◆ Work to complete ◆
Which lines of the entries contain the string "griffierecht"? Please find them and copy them.

Stored items:
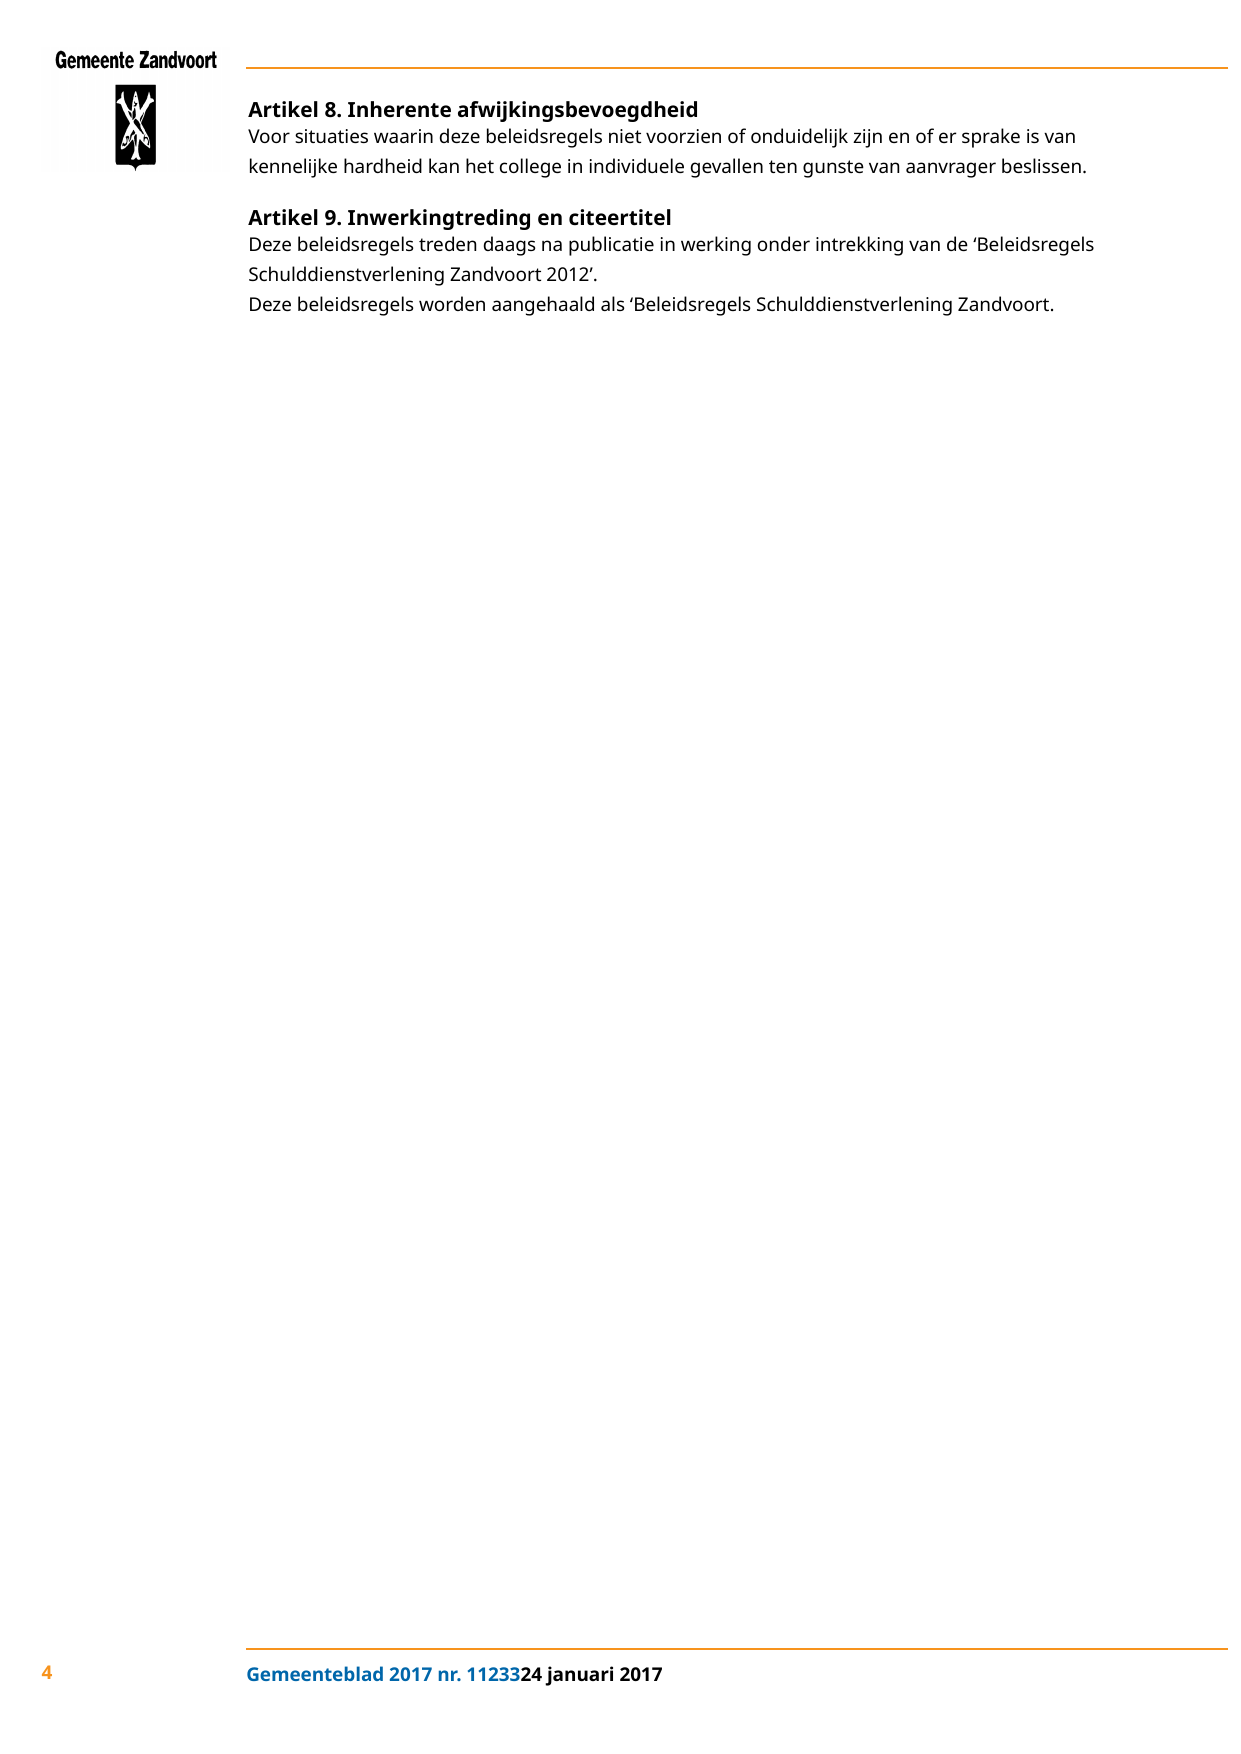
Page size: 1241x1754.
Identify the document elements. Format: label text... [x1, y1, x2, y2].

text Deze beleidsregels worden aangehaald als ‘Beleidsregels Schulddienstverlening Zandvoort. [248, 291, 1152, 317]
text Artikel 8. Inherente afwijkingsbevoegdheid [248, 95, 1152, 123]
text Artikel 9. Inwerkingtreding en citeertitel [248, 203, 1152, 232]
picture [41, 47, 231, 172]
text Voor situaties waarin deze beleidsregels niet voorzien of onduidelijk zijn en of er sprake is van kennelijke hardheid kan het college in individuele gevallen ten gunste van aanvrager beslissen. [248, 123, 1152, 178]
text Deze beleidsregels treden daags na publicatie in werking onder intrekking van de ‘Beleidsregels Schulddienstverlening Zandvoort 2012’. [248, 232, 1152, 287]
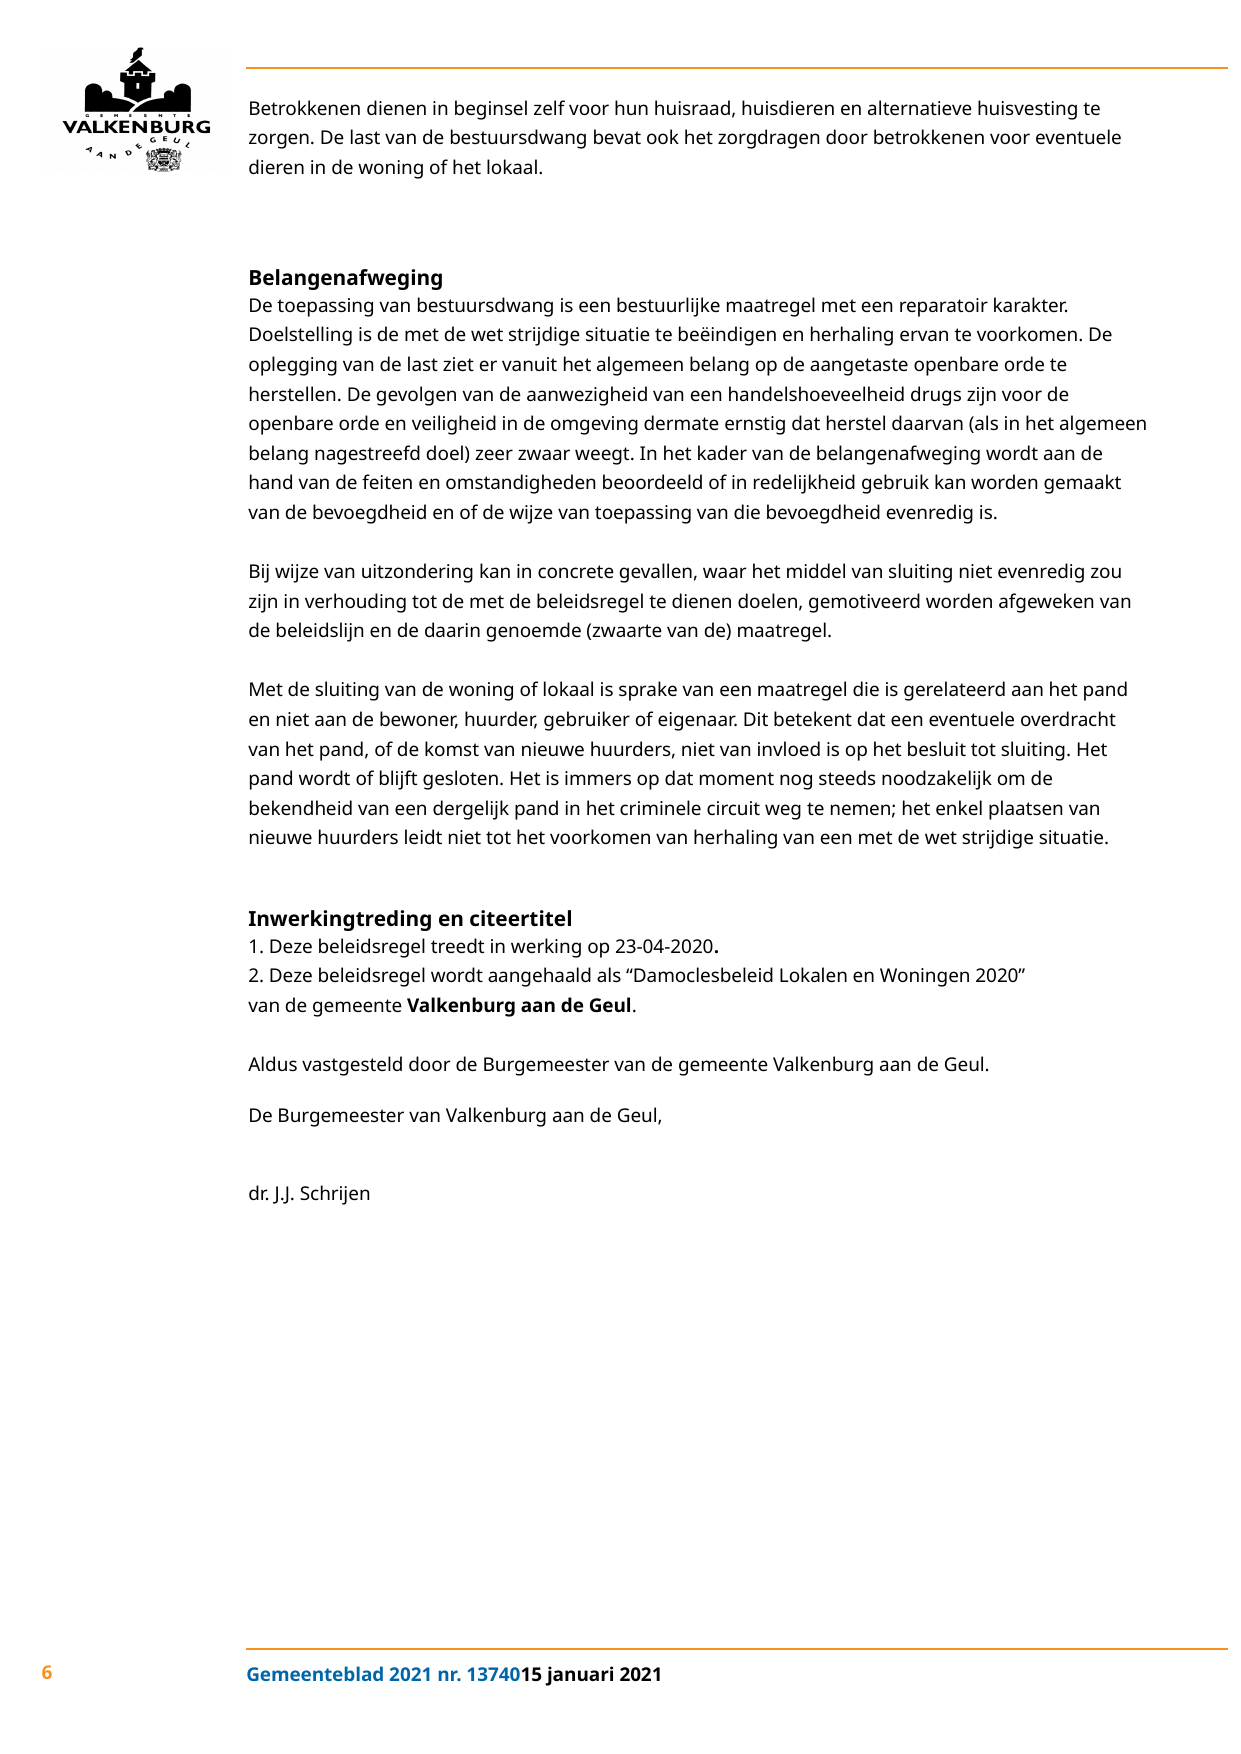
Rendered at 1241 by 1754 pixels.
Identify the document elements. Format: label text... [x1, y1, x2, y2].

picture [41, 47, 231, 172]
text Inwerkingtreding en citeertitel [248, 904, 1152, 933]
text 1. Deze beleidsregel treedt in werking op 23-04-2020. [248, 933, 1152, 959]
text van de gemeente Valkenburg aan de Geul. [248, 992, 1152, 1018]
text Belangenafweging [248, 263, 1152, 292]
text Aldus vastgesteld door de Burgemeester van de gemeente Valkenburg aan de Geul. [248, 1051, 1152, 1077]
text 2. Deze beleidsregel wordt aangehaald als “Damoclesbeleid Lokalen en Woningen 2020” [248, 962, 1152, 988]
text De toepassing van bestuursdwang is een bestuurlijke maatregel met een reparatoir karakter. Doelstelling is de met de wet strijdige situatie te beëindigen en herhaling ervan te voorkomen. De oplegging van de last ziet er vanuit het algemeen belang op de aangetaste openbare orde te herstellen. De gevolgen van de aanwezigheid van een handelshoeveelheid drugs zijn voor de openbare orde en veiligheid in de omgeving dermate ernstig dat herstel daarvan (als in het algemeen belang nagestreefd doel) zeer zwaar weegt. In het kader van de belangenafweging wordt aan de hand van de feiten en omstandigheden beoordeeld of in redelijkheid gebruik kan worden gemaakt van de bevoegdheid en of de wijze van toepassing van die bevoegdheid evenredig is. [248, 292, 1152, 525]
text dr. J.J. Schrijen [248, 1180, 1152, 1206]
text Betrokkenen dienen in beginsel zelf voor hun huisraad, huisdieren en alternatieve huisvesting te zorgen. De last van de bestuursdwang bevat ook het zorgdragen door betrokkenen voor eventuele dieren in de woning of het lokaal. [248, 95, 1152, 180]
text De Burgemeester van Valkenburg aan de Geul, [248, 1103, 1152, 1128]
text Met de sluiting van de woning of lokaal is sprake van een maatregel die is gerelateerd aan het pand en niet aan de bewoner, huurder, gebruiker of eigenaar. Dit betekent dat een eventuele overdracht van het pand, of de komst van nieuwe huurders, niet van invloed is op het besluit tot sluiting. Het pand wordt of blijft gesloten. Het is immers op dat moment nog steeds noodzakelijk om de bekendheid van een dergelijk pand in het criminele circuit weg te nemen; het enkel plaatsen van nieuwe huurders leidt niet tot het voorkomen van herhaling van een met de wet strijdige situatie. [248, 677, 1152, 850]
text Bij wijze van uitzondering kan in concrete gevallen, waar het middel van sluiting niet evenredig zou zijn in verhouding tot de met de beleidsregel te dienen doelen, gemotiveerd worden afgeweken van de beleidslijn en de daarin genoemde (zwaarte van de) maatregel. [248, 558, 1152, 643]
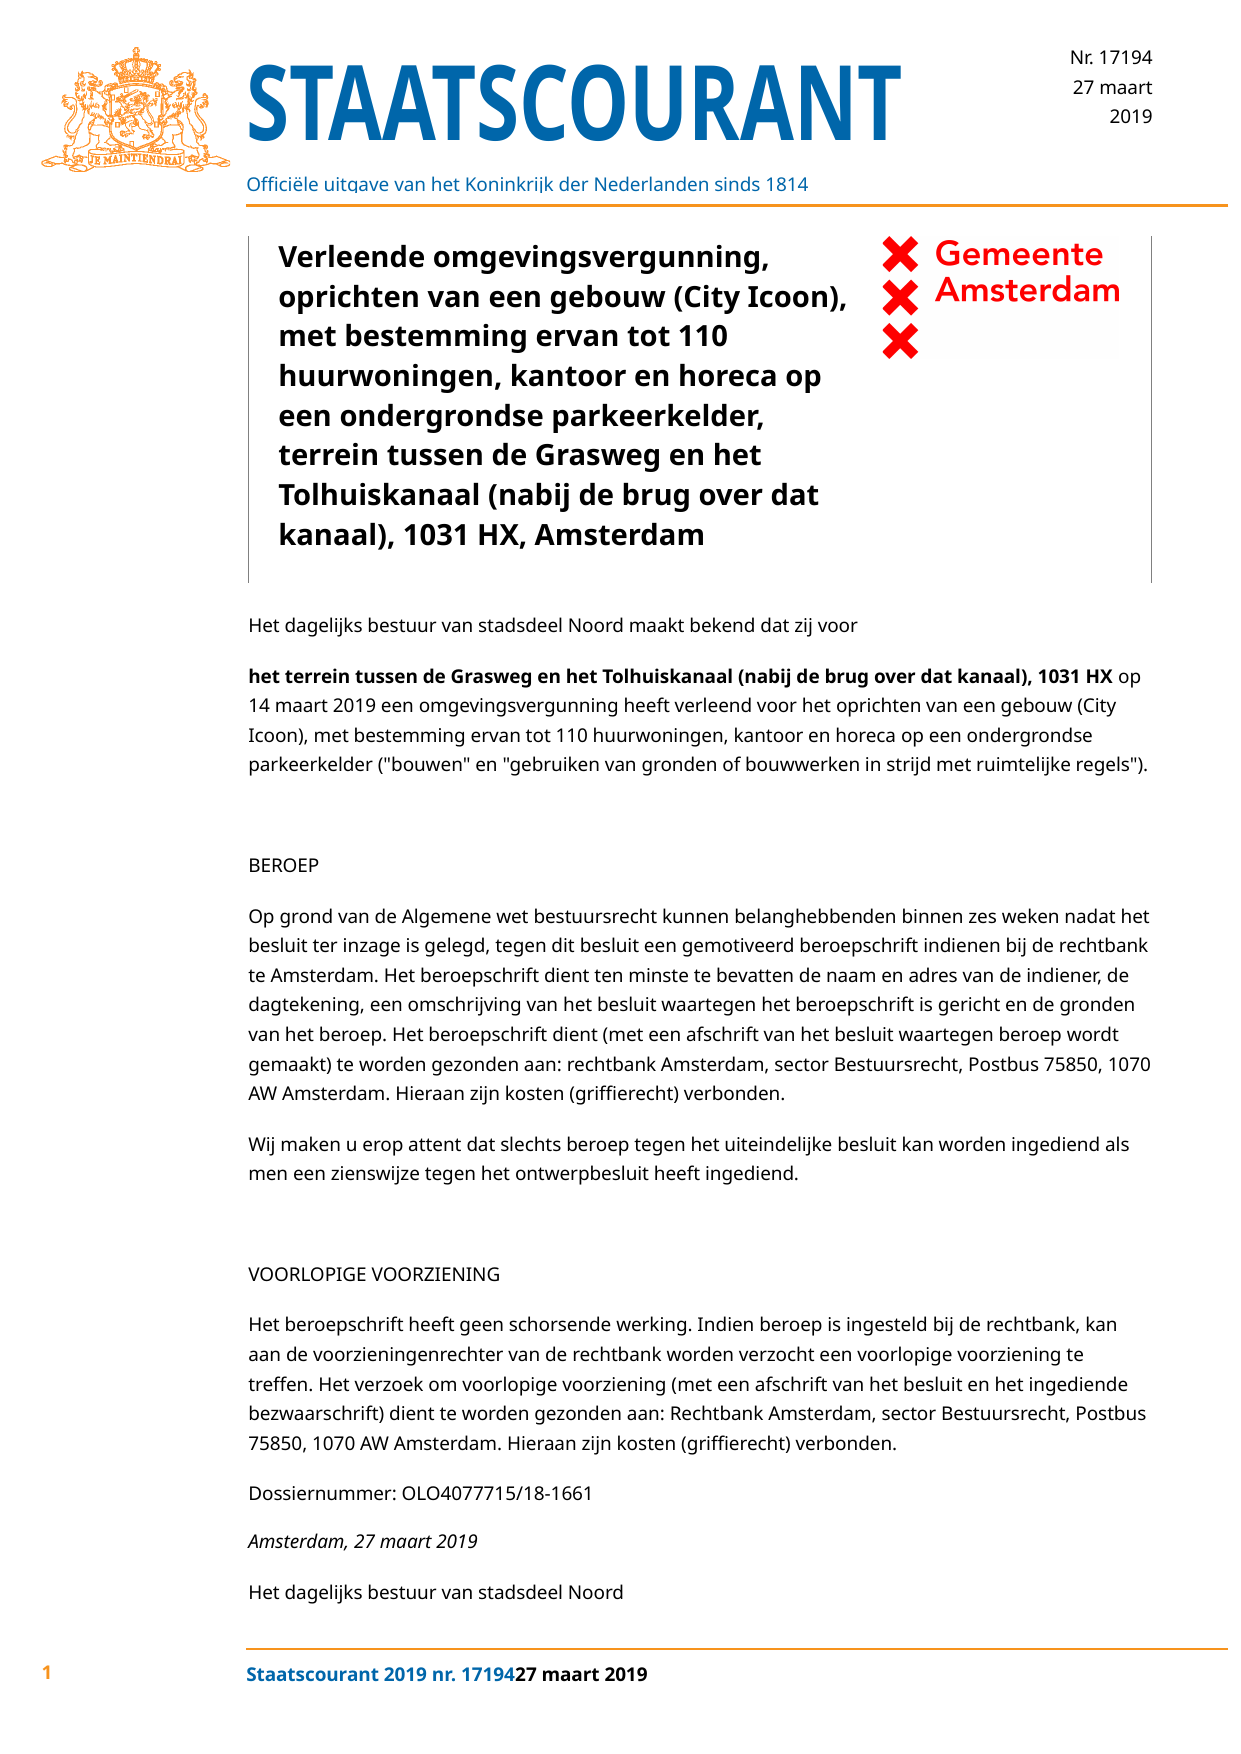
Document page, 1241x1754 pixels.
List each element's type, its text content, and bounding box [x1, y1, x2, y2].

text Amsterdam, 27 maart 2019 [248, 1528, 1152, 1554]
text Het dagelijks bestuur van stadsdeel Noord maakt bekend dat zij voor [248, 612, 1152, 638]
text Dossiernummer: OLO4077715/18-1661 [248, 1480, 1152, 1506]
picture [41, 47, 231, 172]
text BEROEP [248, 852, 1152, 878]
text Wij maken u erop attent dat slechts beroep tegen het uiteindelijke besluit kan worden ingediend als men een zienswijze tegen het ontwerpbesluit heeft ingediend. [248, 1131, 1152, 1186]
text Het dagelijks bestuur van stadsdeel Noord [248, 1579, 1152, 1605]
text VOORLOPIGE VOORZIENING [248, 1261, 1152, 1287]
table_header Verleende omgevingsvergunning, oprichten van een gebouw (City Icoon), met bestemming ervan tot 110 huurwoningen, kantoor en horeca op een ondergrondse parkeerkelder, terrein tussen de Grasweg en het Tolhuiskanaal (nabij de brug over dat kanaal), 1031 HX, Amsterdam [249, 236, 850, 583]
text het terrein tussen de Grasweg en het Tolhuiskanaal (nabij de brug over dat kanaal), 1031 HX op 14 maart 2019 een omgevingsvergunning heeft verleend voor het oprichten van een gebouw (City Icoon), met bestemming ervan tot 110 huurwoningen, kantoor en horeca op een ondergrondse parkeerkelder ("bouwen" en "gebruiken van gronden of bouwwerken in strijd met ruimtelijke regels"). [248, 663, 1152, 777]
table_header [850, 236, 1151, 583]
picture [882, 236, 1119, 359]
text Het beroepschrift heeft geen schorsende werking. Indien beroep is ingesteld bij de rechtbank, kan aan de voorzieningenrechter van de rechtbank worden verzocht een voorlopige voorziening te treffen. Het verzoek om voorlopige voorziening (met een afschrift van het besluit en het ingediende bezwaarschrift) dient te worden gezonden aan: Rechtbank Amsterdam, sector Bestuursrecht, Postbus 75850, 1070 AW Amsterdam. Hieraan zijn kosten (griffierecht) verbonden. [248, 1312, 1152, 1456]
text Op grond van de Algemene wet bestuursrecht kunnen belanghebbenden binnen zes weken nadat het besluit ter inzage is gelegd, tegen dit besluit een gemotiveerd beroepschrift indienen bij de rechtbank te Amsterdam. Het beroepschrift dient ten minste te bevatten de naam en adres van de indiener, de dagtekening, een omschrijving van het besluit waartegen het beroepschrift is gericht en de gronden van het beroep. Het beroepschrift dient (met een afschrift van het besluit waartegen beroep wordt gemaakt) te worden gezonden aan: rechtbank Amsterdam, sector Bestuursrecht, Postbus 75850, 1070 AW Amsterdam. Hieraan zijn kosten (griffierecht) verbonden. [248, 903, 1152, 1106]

◆ Reply to the task ◆
text Het beroepschrift heeft geen schorsende werking. Indien beroep is ingesteld bij de rechtbank, kan aan de voorzieningenrechter van de rechtbank worden verzocht een voorlopige voorziening te treffen. Het verzoek om voorlopige voorziening (met een afschrift van het besluit en het ingediende bezwaarschrift) dient te worden gezonden aan: Rechtbank Amsterdam, sector Bestuursrecht, Postbus 75850, 1070 AW Amsterdam. Hieraan zijn kosten (griffierecht) verbonden. [248, 1312, 1152, 1456]
text Op grond van de Algemene wet bestuursrecht kunnen belanghebbenden binnen zes weken nadat het besluit ter inzage is gelegd, tegen dit besluit een gemotiveerd beroepschrift indienen bij de rechtbank te Amsterdam. Het beroepschrift dient ten minste te bevatten de naam en adres van de indiener, de dagtekening, een omschrijving van het besluit waartegen het beroepschrift is gericht en de gronden van het beroep. Het beroepschrift dient (met een afschrift van het besluit waartegen beroep wordt gemaakt) te worden gezonden aan: rechtbank Amsterdam, sector Bestuursrecht, Postbus 75850, 1070 AW Amsterdam. Hieraan zijn kosten (griffierecht) verbonden. [248, 903, 1152, 1106]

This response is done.